220.127.116.11.4 Speed-up in carbon dioxide growth rates during the late 1990s
The high CO2 growth in 1998 coincided with a global increase in CO concentrations attributable to wildfires (Yurganov et al., 2005) in Southeast Asia (60%), South America (30%) and Siberia (van der Werf et al., 2004). Langenfelds et al. (2002) analyse the correlations in the interannual growth rate of CO2 and other species at 10 stations and link the 1997 to 1998 (and the 1994 to 1995) anomalies to high fire emissions as a single process. Achard et al. (2004) estimate a source of 0.88 ± 0.07 GtC emitted from the burning of 2.4 × 106 ha of peatland in the Indonesian forest fires in 1997 to 1998, and Page et al. (2002) estimate a source of +0.8 to +2.6 GtC. During the 1997 to 1998 high CO2 growth rate episode, inversions place an abnormal source over tropical Southeast Asia, in good agreement with such bottom-up evidence.

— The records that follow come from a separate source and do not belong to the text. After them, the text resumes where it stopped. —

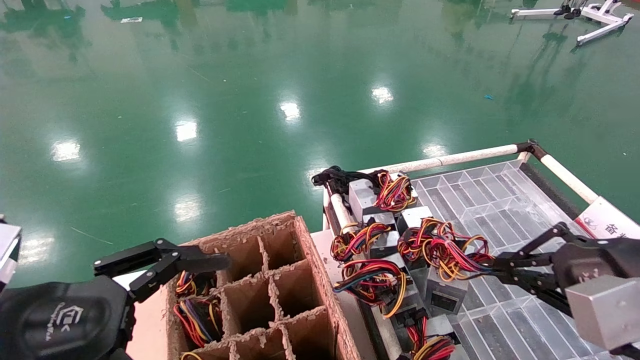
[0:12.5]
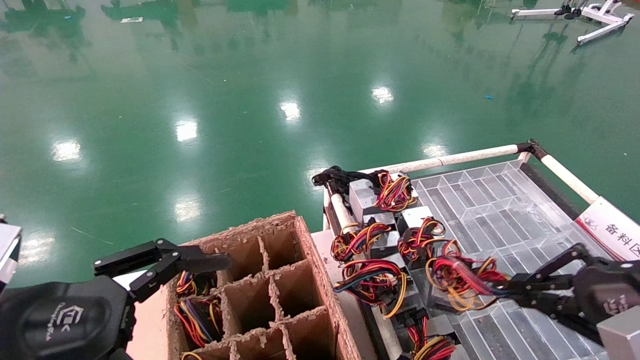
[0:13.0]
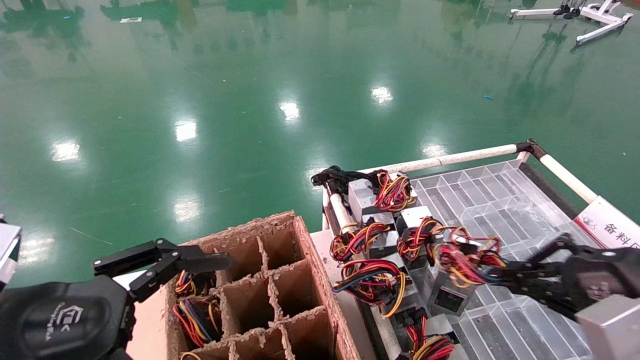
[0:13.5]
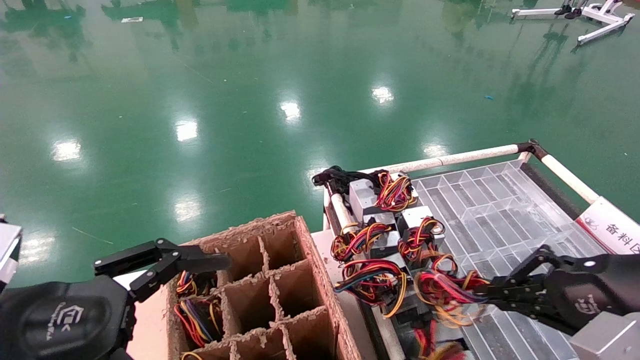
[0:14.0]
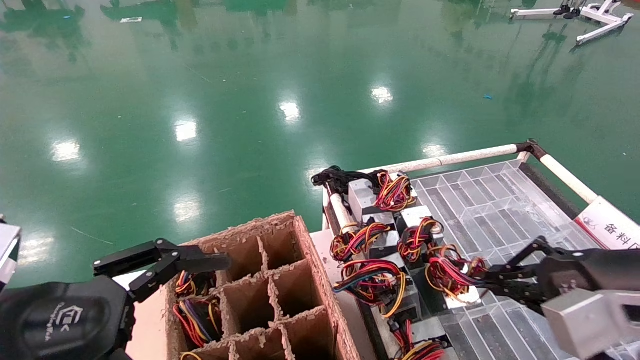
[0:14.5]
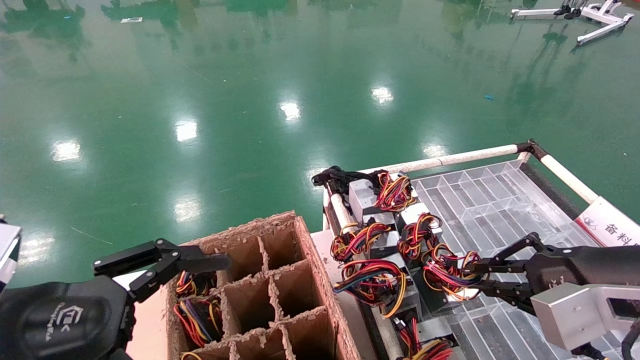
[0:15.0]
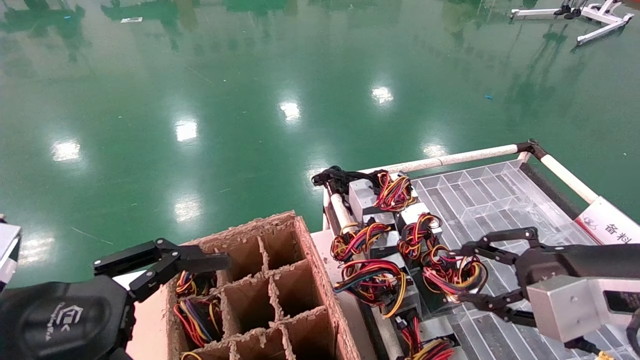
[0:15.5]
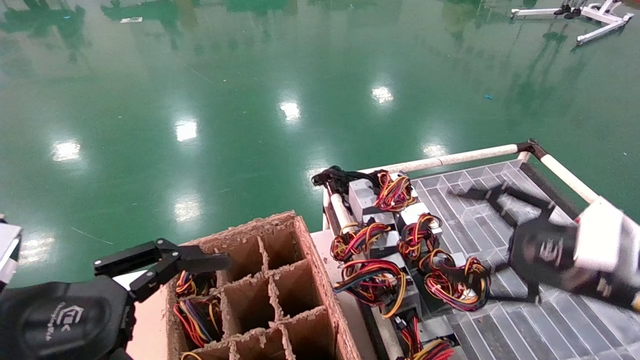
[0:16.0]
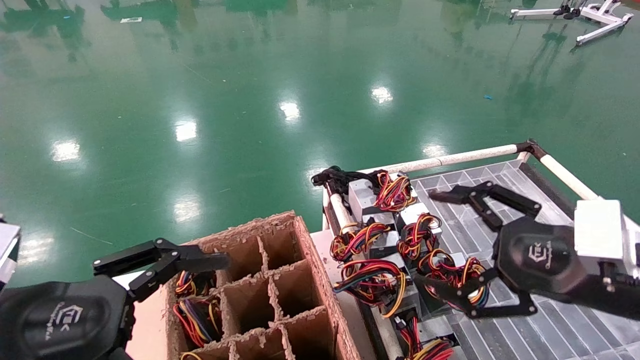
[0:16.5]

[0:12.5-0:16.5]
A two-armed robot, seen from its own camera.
Step, 0:12.5 to 0:15.0: Place the power supply on the operating table.
0:12.5 to 0:14.5: The grippers stay close to where they were, moving slightly.
0:14.5 to 0:16.5: The right gripper opens.

The relationship between El Niño and CO2 emissions from fires is not uniform: fire emissions from low productivity ecosystems in Africa and northern Australia are limited by fuel load density and thus decrease during drier periods, in contrast to the response in tropical forests (Barbosa et al., 1999; Randerson et al., 2005). In addition, co-varying processes such as reduced productivity caused by drought in tropical forests during El Niño episodes may be superimposed on fire emissions. From 1998 to 2003, extensive drought in mid-latitudes of the NH (Hoerling and Kumar, 2003), accompanied by more wildfires in some regions (Balzter et al., 2005; Yurganov et al., 2005) may have led to decreased photosynthesis and carbon uptake (Angert et al., 2005; Ciais et al., 2005b), helping to increase the atmospheric CO2 growth rate.